The Cisco NAE REST API server protects API sessions against common web threats as described in the following sections.

User Accounts and Roles

Most functions of the Cisco NAE REST API require that the user be authenticated and logged in with an active session. The REST API supports both local authentication and LDAP authentication.

Two roles are supported for user accounts:

  • User: Normal user accounts can be created locally or on a remote authentication server. Some APIs cannot be executed by a normal user.
  • Super Administrator: The local account named admin is considered a super administrator, with higher privileges than a normal user. When logged in as admin, you can execute several APIs that are not allowed for normal users.
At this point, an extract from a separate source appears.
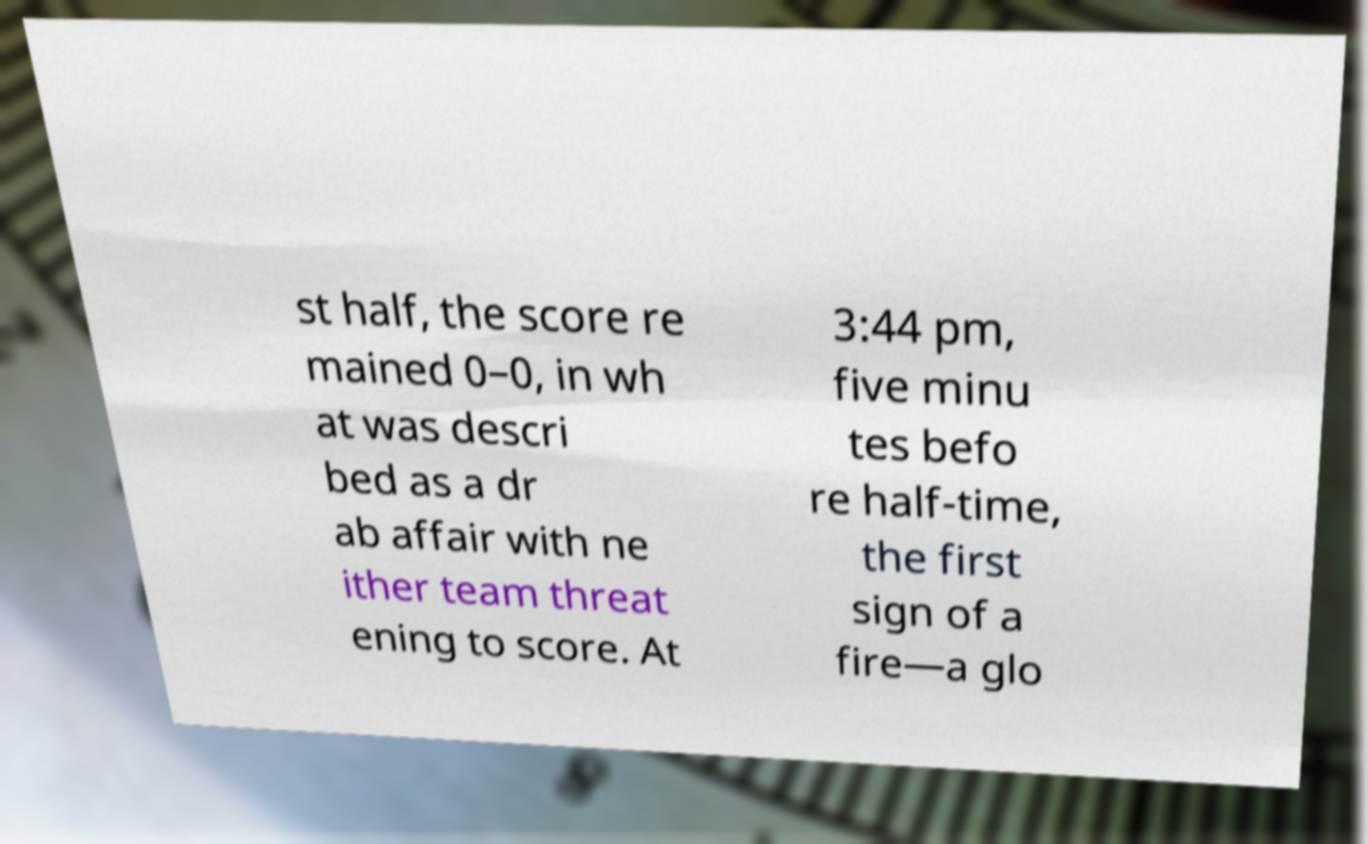For documentation purposes, I need the text within this image transcribed. Could you provide that? st half, the score re mained 0–0, in wh at was descri bed as a dr ab affair with ne ither team threat ening to score. At 3:44 pm, five minu tes befo re half-time, the first sign of a fire—a glo 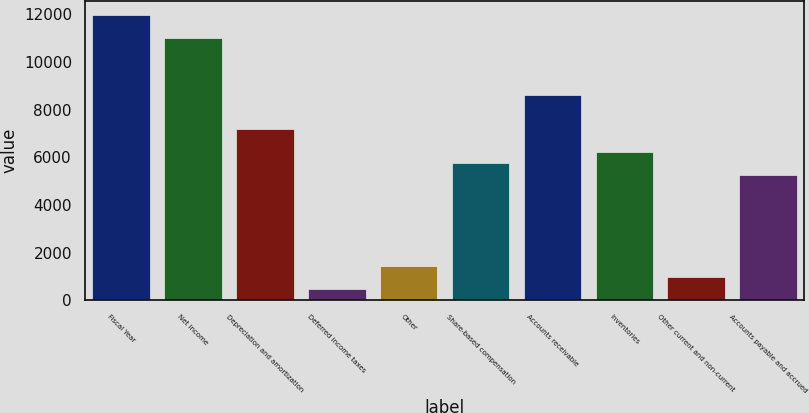Convert chart to OTSL. <chart><loc_0><loc_0><loc_500><loc_500><bar_chart><fcel>Fiscal Year<fcel>Net income<fcel>Depreciation and amortization<fcel>Deferred income taxes<fcel>Other<fcel>Share-based compensation<fcel>Accounts receivable<fcel>Inventories<fcel>Other current and non-current<fcel>Accounts payable and accrued<nl><fcel>11968.5<fcel>11012.3<fcel>7187.5<fcel>494.1<fcel>1450.3<fcel>5753.2<fcel>8621.8<fcel>6231.3<fcel>972.2<fcel>5275.1<nl></chart>

The admin account is permanent and cannot be deleted.

Logging in to the Cisco NAE

To prevent a Cross Site Request Forgery (CSRF) attack and other common web threats, the REST API server implements a multi-step login sequence in order to issue a unique session token.

NOTE: For more information about CSRF, visit https://www.owasp.org/index.php/Cross-Site_Request_Forgery_(CSRF)_

The following steps describe the login sequence:

  1. The client sends an HTTP GET request to /nae/api/v1/whoami.
  2. The server returns an HTTP response that includes an X-NAE-LOGIN_OTP header containing a one-time password (OTP) with a five-minute expiration.
  3. The client sends an HTTP POST request to /nae/api/v1/login with local or LDAP authentication credentials and with an HTTP request header field of X-NAE-LOGIN_OTP containing the OTP value.
  4. If the credentials are valid, the server returns an HTTP response that includes an X-NAE-CSRF-TOKEN header containing a session password.
  5. For all subsequent POST/PUT/DELETE messages for the duration of the session, the client must include the X-NAE-CSRF-TOKEN header in the HTTP request.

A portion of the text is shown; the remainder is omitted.